Post by answerhappygod »

Ben just bought a car and signed a car insurance contract. In a
year, this contract will expire and Ben will move across the
country. Suppose, when he is in the market for a new car
insurance contract next year after he moves, the potential
insurance companies can all see the number r of car accidents
Ben has been involved in this year. This number r depends on
Ben's driving skill θ , Ben's effort e, and the road condition ε.
More specifically, r = ε - θ - e. Ben's driving skill θ is
unknown to both Ben and all potential car insurance companies.
All believe that Ben's driving skill θ is 0 (unskilled) with
probability 1/2 and 1 (skilled) with probability 1/2 .
The road condition ε is 3 with probability 1/2 and 4 with
probability 1/2 . Ben can choose to drive very carefully (e = 2),
normally (e = 1) or carelessly (e = 0). But none of the
potential car insurance companies observe Ben's effort choice.
The potential car insurance companies will offer the car insurance
contract that best matches Ben's driving skill. The more
likely they think Ben is skilled, the lower the insurance
premium they would charge. Ben wants to minimize the
insurance premium, but driving carefully is costly.
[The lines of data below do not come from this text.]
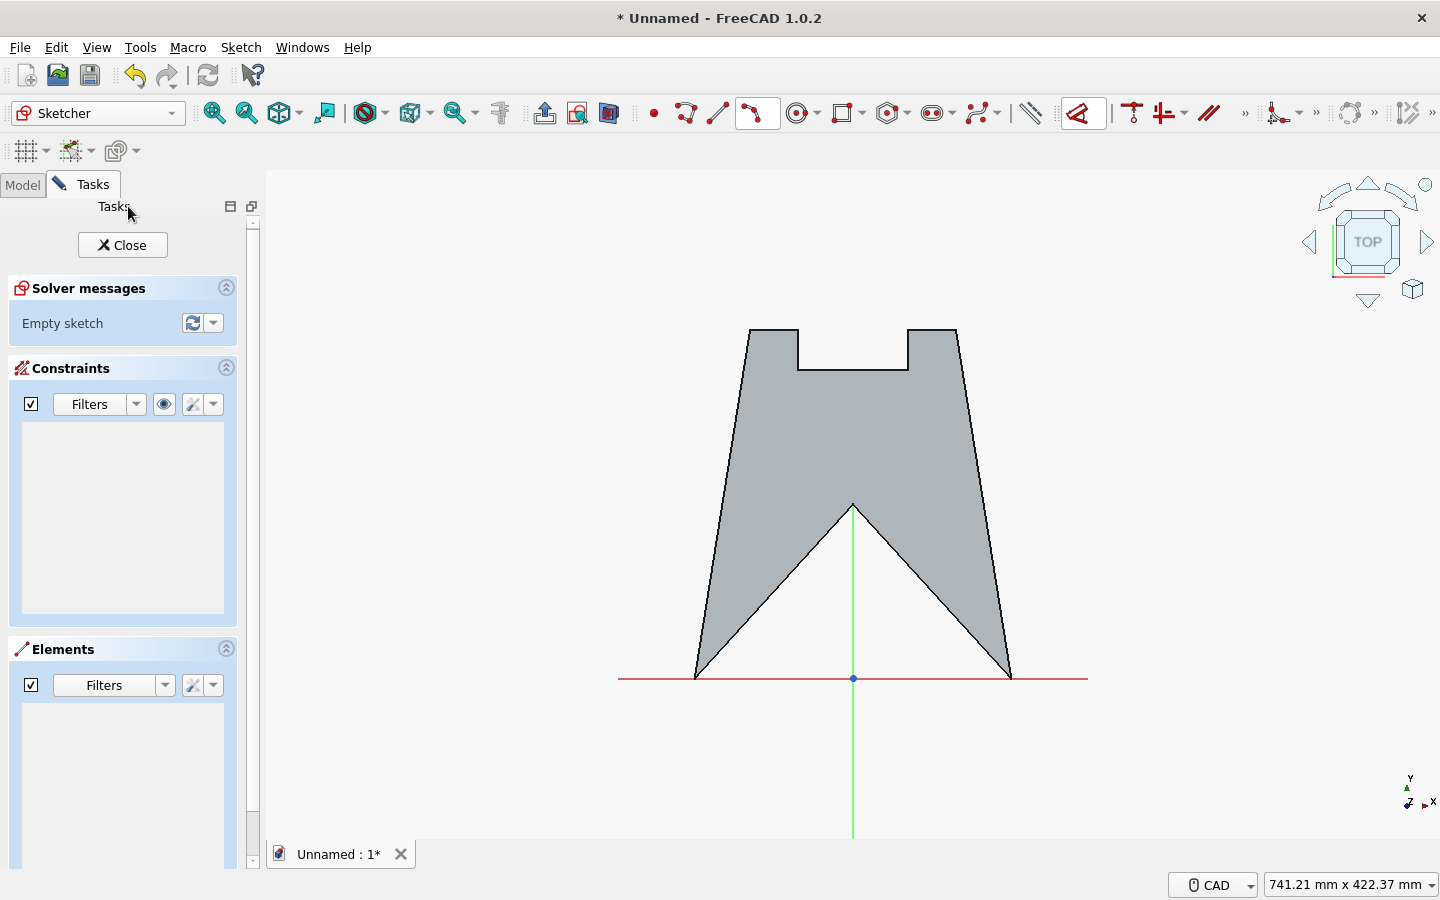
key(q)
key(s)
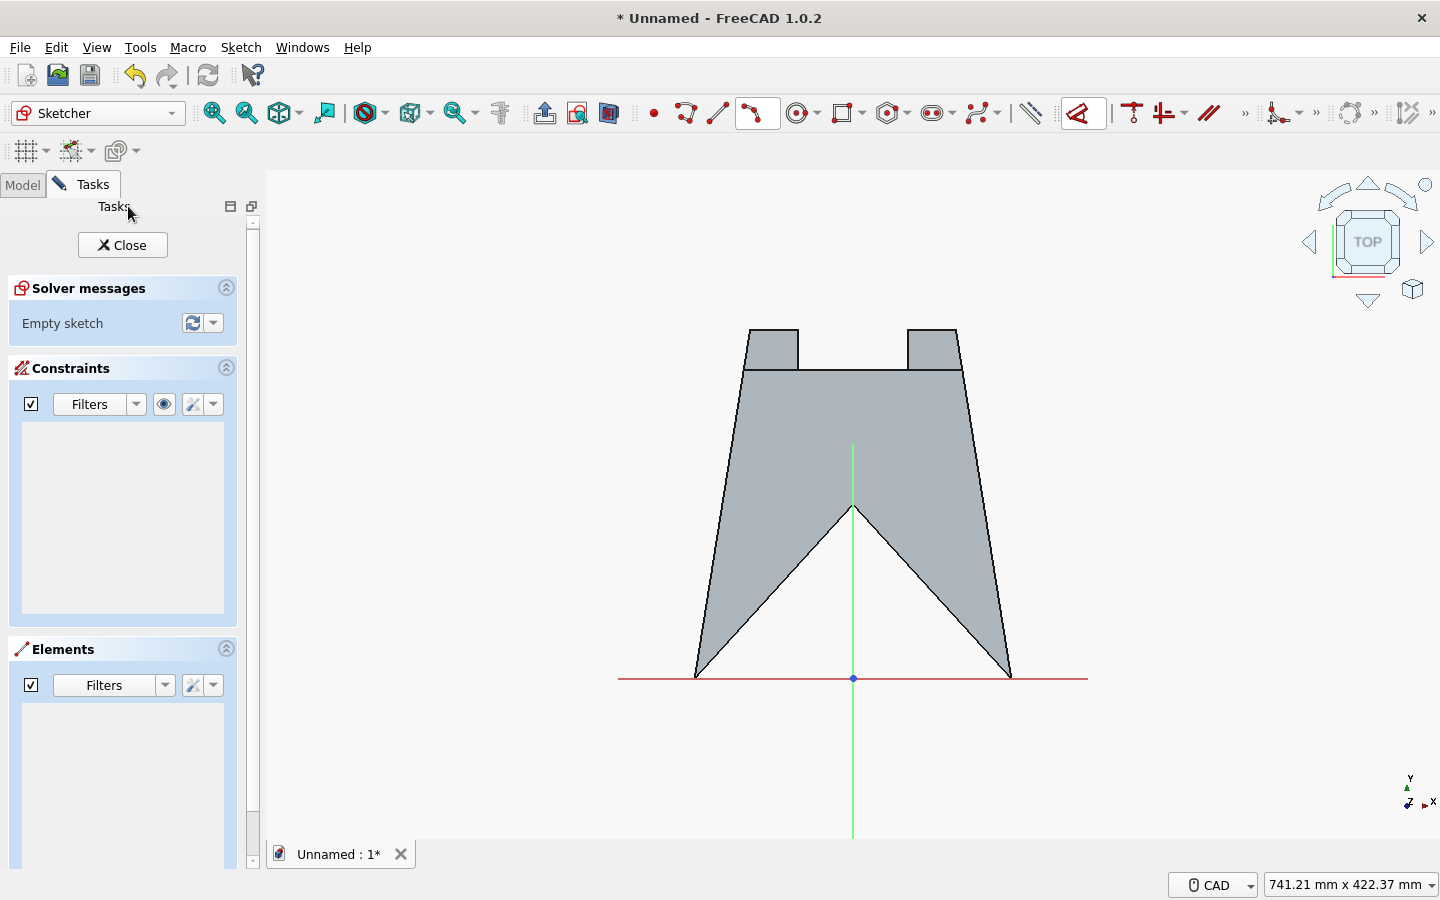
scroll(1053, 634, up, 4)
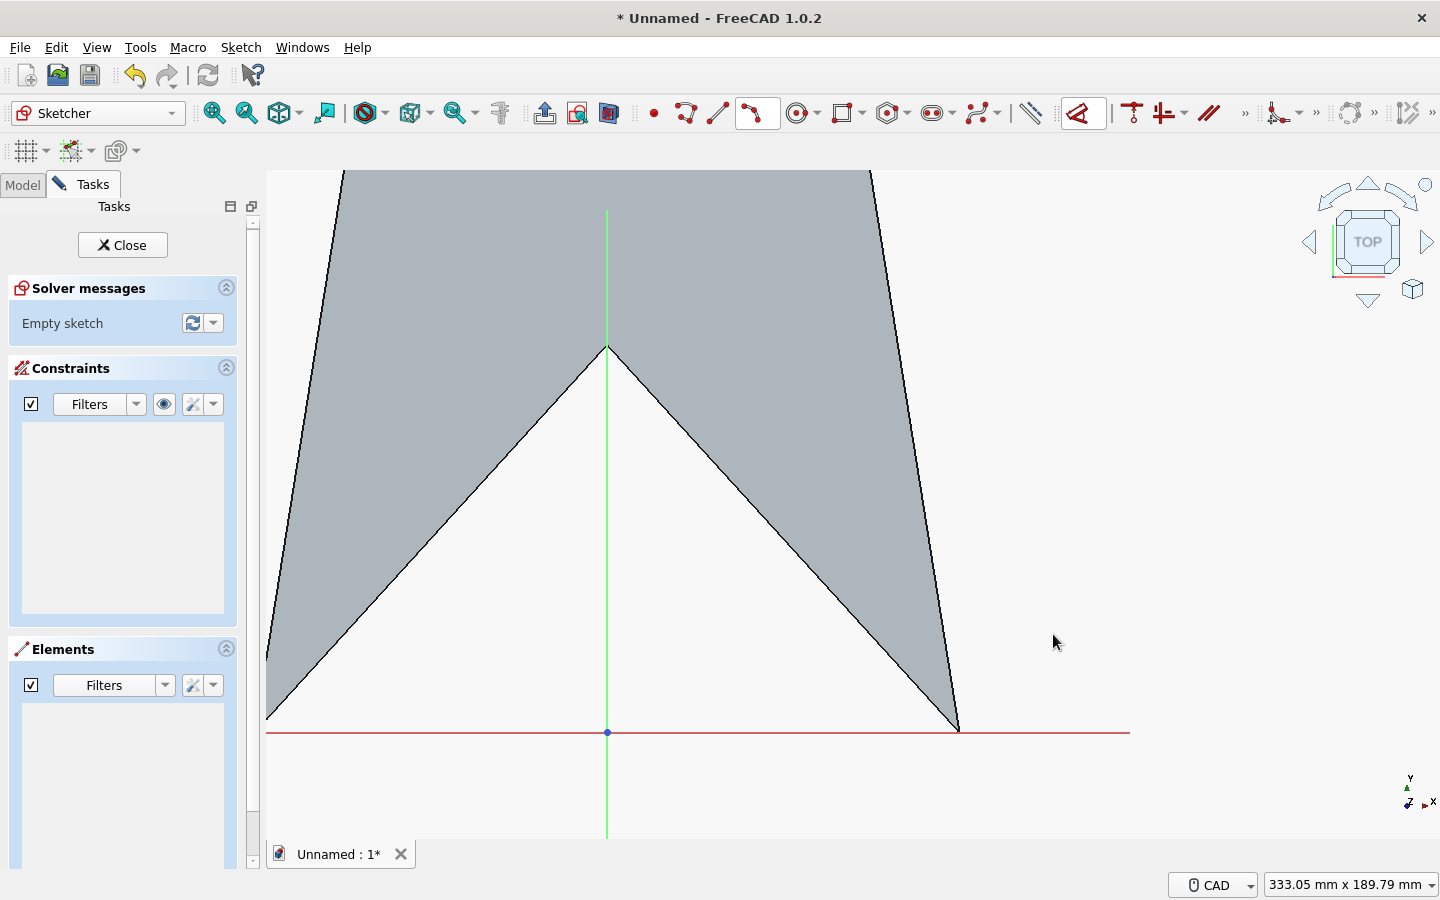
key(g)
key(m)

In
particular, given the potential insurance companies' belief
that Ben is skilled with probability q, Ben's payoff is equal to 8q
- c(e), where c(e) = 0 if e = 0, c(e) = 1 if e = 1 and c(e) =
4.5 if e = 2. Use the above information to answer all of the
following question.
does Ben have an incentive to drive normally instead of
carelessly?
a.No, because by driving normally instead of carelessly, Ben's
payoff will go down by 1, given that the expected value of q
does not change, while cost of effort goes up by only 1.
b.Yes, because driving normally will reduce Ben's
frequency of accidents.
c.No, because driving normally costs more than driving
carelessly.
d.Yes, because by driving normally instead of carelessly, Ben's
payoff will go up by 2, given that the expected value of q
goes up by 3/8 , while cost of effort goes up by only 1.